5x5 is gonna be around 70% 1rm and I have done it as high as 80%. However this wasn't maximal effort on any except maybe the last set.

How you approach it depends on what you need to put in for intensity. My preferred way is go either do repeating sets which is the same weight for all 5; or, do a top set of 5 at a high intensity like rpe 8 or 9 and then drop the weight down 5 to 10% and repeat that weight for 4x5. 

I think classic 5x5 is just repeated sets.


----------



## DieYoungStrong (Dec 13, 2018)

True 5x5 is straight weight across the working sets.


----------



## Seeker (Dec 13, 2018)

5x5 you should know your 1rm and 5rm.


----------



## silvereyes87 (Dec 14, 2018)

When i choose 5x5 its gonna be something moderately heavy but i want to be able to get through all my sets.


----------



## Straight30weight (Dec 14, 2018)

The way I see it, if I hit 5 max on the first set I’m not hitting 5 max on the last. I’d either have to sandbag the first couple sets, or max higher than 5 on the first couple.


----------



## Gadawg (Dec 14, 2018)

Have people seen good results with this program?


----------



## PillarofBalance (Dec 14, 2018)

Gadawg said:


> Have people seen good results with this program?



I love to bash 5x5 but yes it produces results, however results will always vary. My personal opinion is 531 would be a better place to start. 

What 5x5 does well, is it teaches that technique and simplicity will win long term every single time. 

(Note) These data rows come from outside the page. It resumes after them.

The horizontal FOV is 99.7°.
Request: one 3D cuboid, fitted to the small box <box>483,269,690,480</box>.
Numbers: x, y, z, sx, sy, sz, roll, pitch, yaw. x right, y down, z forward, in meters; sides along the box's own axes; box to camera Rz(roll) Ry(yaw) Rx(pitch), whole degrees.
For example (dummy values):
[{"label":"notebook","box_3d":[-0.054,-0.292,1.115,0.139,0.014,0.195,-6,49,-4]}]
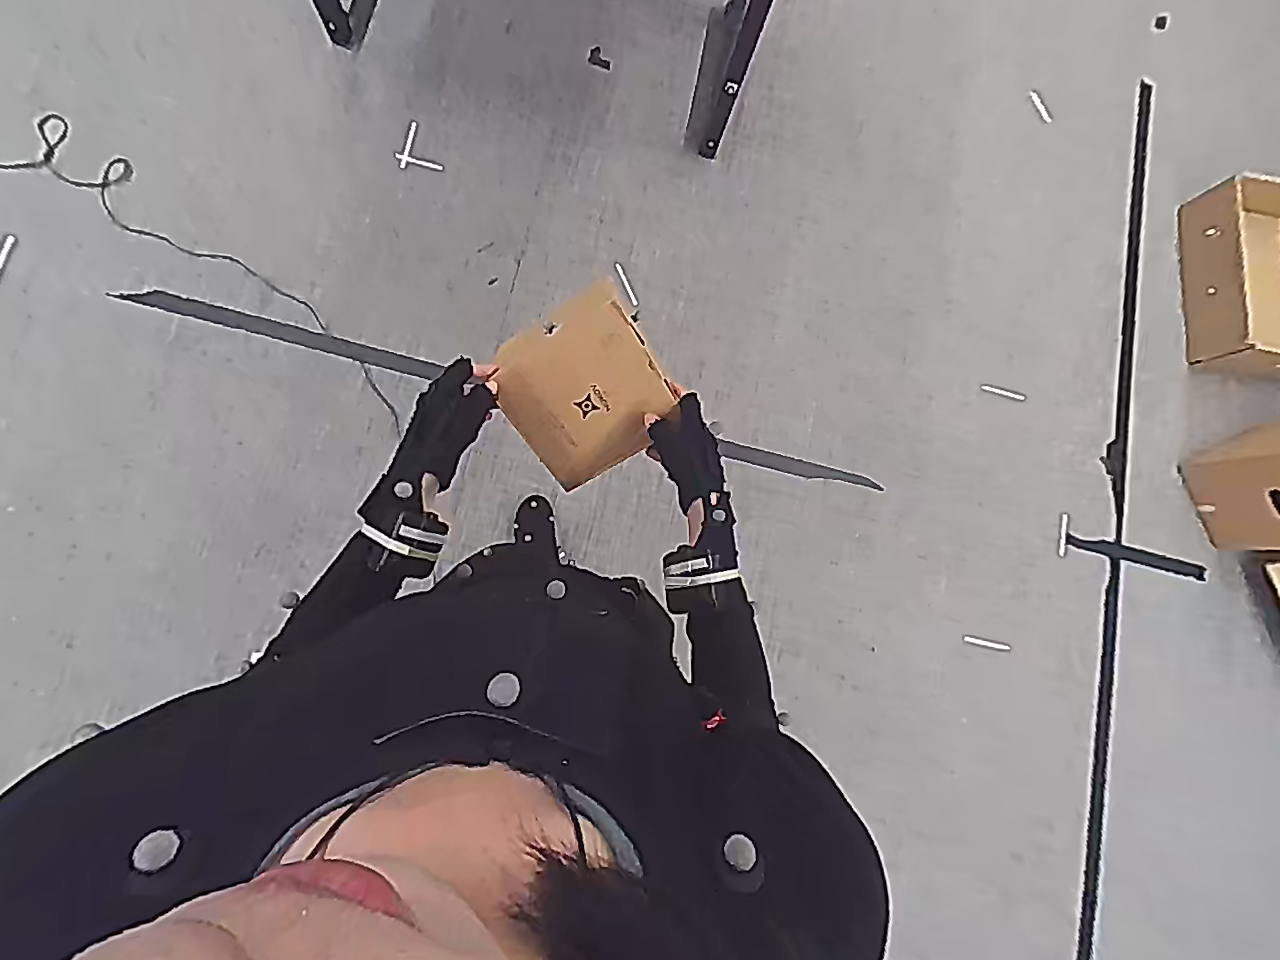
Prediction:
[{"label":"small box","box_3d":[-0.063,-0.137,0.665,0.179,0.176,0.168,-30,116,11]}]
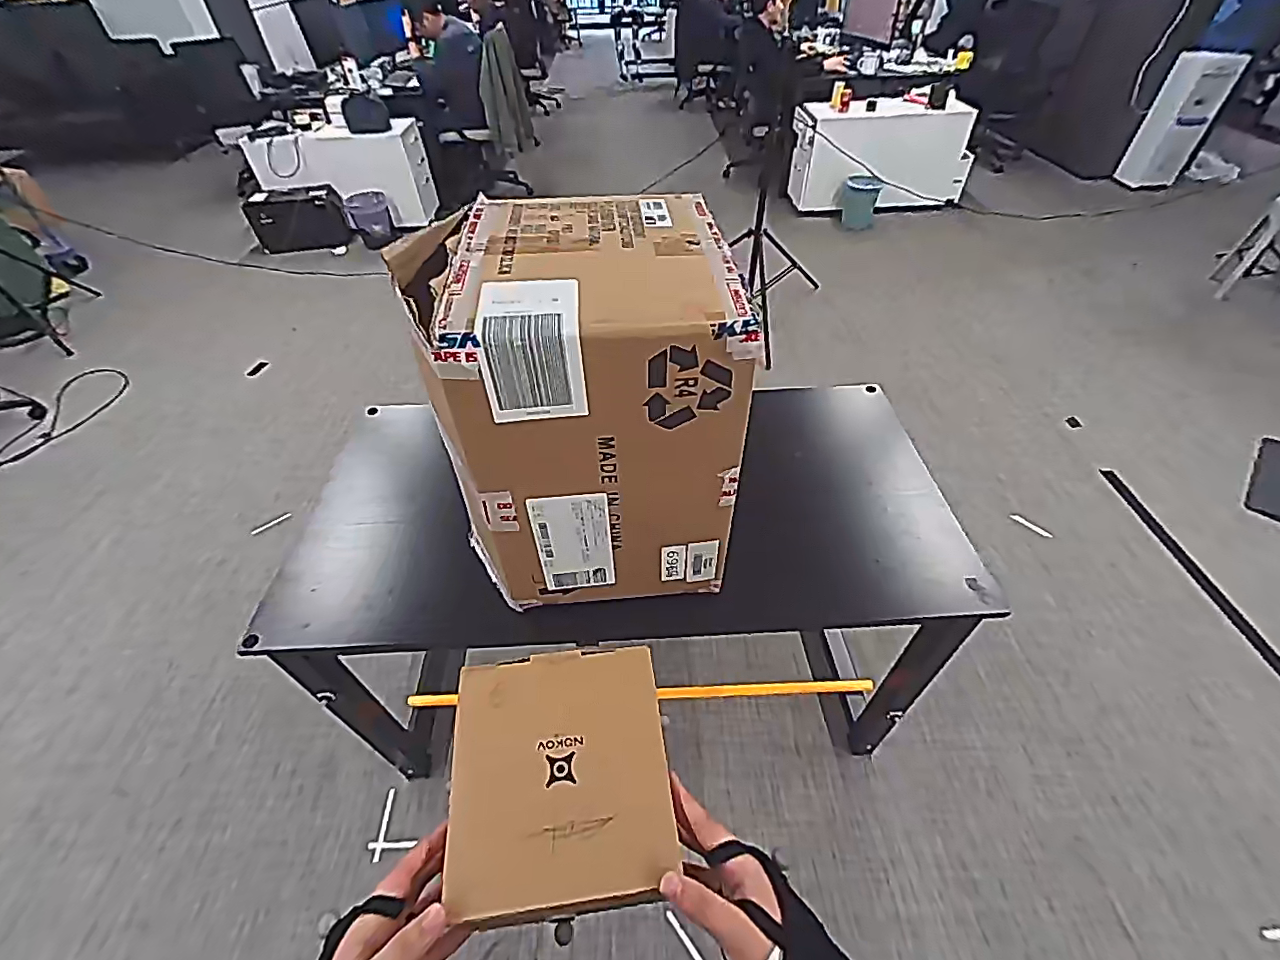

You will get out what you put in.


----------



## Gadawg (Dec 14, 2018)

PillarofBalance said:


> I love to bash 5x5 but yes it produces results, however results will always vary. My personal opinion is 531 would be a better place to start.
> 
> What 5x5 does well, is it teaches that technique and simplicity will win long term every single time.
> 
> You will get out what you put in.



I could never get on board with any of these programs because I just have to go to failure or I get bored.


----------



## Maijah (Dec 14, 2018)

5 sets of 5 reps


----------



## PillarofBalance (Dec 14, 2018)

Gadawg said:


> I could never get on board with any of these programs because I just have to go to failure or I get bored.



Lololol my programs would ****ing kill you. Don't judge maximal strength training by 5x5. That's like saying tren is garbage because eq is stupid.


----------



## Gadawg (Dec 14, 2018)

PillarofBalance said:


> Lololol my programs would ****ing kill you. Don't judge maximal strength training by 5x5. That's like saying tren is garbage because eq is stupid.



Oh, Im not that ignorant.  Im sure advanced PL lifter programs are brutal. I just dont have the tendons anymore to find out.  As far as bench goes these days, if I cant push it six times, it's too heavy.  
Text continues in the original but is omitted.